2026 winter olympics women's single skating free skating: Nakai's surprise lead sets up dramatic Thursday finale
Seventeen-year-old Ami Nakai exploded onto the Olympic stage with a high-energy short program that put her atop the leaderboard and turned the women's event into one of the must-see sessions of these Games. The free skating on Thursday (ET) will decide medals in what has become a tightly packed and deeply compelling competition.
Nakai stuns field with veteran poise and big jumping content
Nakai, the youngest skater in the 29-competitor field, opened with a breathtaking triple axel and followed with the technical ammunition that elite judges reward. Landing a triple lutz–triple toe loop combination and executing clean rotation throughout, she posted a season- and personal-best short program score that pushed three-time world champion Kaori Sakamoto into second and reigning world champion Alysa Liu into contention behind them.
Her run-up to the Olympics had been brief on the senior circuit, a result of rule changes that raised the minimum age threshold; that limited international exposure made her rise all the more striking. Nakai’s lower world ranking also placed her earlier in the starting order—18th of 29—yet she turned that middle-of-the-pack draw into an advantage, delivering a confident performance that included broad smiles and a celebratory fist pump at the final pose.
Podium permutations and Japan's chance at a sweep
Japan’s women arrive at the free skate with momentum. Sakamoto, 25, remains a dominant presence after multiple world titles and an Olympic bronze in 2022. Her short program was elegant and emotive, and she acknowledged that small errors left room for improvement. Sakamoto has signaled that this season is her last, making Thursday's free skating potentially the final competitive program of a storied career.
Alysa Liu, who returned to the sport after a break and later captured a world title, sits close enough on the leaderboard to stay a realistic gold medal threat.

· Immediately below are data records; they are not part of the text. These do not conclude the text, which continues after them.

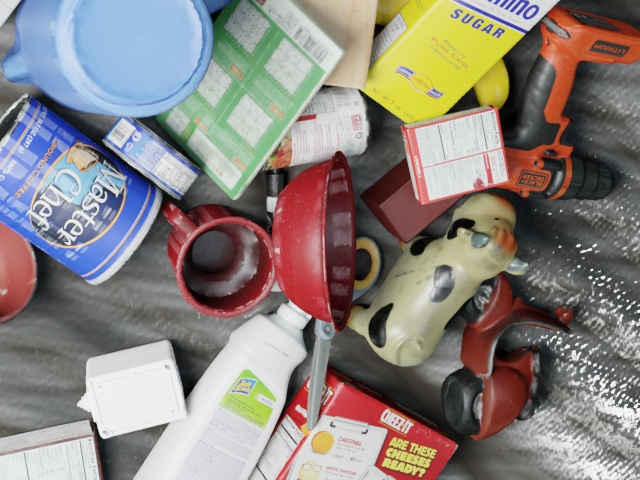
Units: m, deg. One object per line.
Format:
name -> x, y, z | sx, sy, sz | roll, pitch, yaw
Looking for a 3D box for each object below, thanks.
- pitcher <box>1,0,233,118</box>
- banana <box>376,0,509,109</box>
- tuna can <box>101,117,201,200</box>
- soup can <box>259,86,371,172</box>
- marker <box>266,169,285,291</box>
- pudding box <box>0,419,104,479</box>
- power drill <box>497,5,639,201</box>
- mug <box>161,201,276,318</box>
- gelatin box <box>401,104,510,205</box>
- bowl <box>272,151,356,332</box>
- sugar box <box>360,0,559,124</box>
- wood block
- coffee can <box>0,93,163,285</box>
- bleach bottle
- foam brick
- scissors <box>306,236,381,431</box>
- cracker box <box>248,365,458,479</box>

Her short program featured solid jump content and high levels of execution that put her squarely in medal range. Other contenders, including Mone Chiba, also landed strong short programs and keep the prospect of an all-Japanese podium alive—a feat never achieved in Olympic women's figure skating.
The Americans had mixed results in the short program. While Liu kept the U. S. in the hunt, teammates struggled to match the top technical scores; missed levels and under-rotations left a gap to bridge in the free skate. For the United States, a podium return in the women's event remains possible but will require near-flawless long programs under pressure.
Free skate scenario: what to watch on Thursday (ET)
The 24-minute free skating segment will be decisive. With technical difficulty stacked at the top, skaters who combine clean triple axels or consistent quad-level content with strong component scores will have the clearest path to medals. Nakai must reproduce or improve upon her short program's jump success, while Sakamoto and Liu will aim to use experience and higher base values to overtake the leader.
Judges will reward both risk and polish. Under-rotations, edge calls and level downgrades on spins and step sequences can swing standings sharply. Expect tactical decisions from a handful of skaters: some will add risky elements in pursuit of gold, others will skate conservatively to secure a podium spot. The outcome could also hinge on program component marks—interpretation, skating skills and performance quality—which often separate top-scoring skaters when technical scores are close.
Thursday's free skating (ET) promises drama: a teenager who has outperformed expectations, a decorated champion skating potentially for the last time, and a field deep enough that small mistakes will cost medals. For viewers and neutrals, it is a rare, electric finish to the women's singles competition at these Games.